• **What is required**: Would you please copy each line below that includes the string "circle"?

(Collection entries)
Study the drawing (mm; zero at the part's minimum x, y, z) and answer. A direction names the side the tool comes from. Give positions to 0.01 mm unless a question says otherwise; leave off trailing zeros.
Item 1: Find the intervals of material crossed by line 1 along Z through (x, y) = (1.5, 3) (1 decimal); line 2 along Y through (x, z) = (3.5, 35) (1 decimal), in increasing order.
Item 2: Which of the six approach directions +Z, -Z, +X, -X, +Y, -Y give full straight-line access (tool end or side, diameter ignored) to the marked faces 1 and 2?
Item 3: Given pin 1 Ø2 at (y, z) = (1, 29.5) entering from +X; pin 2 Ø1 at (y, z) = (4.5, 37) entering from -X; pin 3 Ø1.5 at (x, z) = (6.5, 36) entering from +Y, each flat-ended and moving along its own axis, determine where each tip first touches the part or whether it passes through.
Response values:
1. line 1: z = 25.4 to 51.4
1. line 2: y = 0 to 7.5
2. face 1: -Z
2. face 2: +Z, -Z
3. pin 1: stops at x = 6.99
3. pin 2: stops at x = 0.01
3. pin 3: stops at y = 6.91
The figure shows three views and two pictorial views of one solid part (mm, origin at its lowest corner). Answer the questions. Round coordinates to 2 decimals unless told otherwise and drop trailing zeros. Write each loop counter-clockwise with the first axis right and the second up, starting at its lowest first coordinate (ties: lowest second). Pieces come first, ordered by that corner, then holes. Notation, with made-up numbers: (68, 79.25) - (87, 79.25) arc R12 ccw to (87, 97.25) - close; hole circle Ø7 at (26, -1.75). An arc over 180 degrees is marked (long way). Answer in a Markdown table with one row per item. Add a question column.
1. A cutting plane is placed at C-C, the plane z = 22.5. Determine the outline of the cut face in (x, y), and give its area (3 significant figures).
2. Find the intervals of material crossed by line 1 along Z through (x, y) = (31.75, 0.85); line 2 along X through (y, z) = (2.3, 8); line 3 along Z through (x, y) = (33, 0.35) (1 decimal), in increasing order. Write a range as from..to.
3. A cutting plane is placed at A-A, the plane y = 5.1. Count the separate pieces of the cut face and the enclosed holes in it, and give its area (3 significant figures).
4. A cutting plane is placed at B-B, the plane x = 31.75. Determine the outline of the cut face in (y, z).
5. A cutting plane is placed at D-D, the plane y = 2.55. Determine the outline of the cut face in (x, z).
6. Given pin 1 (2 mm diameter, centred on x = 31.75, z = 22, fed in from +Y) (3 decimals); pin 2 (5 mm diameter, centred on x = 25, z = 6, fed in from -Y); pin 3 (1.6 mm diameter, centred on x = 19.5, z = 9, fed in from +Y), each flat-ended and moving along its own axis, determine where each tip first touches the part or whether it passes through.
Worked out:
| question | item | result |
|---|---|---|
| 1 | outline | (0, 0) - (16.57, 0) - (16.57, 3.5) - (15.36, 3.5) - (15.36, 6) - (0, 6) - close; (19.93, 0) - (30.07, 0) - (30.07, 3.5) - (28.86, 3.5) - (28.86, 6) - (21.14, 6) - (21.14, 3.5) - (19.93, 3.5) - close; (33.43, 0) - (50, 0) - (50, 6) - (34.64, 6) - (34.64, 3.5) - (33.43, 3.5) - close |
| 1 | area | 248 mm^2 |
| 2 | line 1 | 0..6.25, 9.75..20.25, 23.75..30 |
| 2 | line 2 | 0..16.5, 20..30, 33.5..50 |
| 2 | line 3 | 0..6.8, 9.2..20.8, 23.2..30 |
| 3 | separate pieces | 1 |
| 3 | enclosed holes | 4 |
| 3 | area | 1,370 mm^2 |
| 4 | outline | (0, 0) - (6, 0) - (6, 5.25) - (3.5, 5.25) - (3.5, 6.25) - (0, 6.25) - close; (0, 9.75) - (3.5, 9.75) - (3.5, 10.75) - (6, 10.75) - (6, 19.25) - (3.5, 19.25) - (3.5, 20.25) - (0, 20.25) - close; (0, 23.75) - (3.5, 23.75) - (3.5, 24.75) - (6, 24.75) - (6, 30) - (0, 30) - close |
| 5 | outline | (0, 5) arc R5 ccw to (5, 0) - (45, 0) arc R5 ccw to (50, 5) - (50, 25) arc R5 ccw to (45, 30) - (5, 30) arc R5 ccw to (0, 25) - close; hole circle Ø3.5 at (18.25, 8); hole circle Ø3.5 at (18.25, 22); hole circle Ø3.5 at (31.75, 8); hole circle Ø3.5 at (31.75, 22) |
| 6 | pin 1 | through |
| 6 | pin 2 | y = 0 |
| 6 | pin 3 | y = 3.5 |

• **Task result**:
The figure shows three views and two pictorial views of one solid part (mm, origin at its lowest corner). Answer the questions. Round coordinates to 2 decimals unless told otherwise and drop trailing zeros. Write each loop counter-clockwise with the first axis right and the second up, starting at its lowest first coordinate (ties: lowest second). Pieces come first, ordered by that corner, then holes. Notation, with made-up numbers: (68, 79.25) - (87, 79.25) arc R12 ccw to (87, 97.25) - close; hole circle Ø7 at (26, -1.75). An arc over 180 degrees is marked (long way). Answer in a Markdown table with one row per item. Add a question column.
| 5 | outline | (0, 5) arc R5 ccw to (5, 0) - (45, 0) arc R5 ccw to (50, 5) - (50, 25) arc R5 ccw to (45, 30) - (5, 30) arc R5 ccw to (0, 25) - close; hole circle Ø3.5 at (18.25, 8); hole circle Ø3.5 at (18.25, 22); hole circle Ø3.5 at (31.75, 8); hole circle Ø3.5 at (31.75, 22) |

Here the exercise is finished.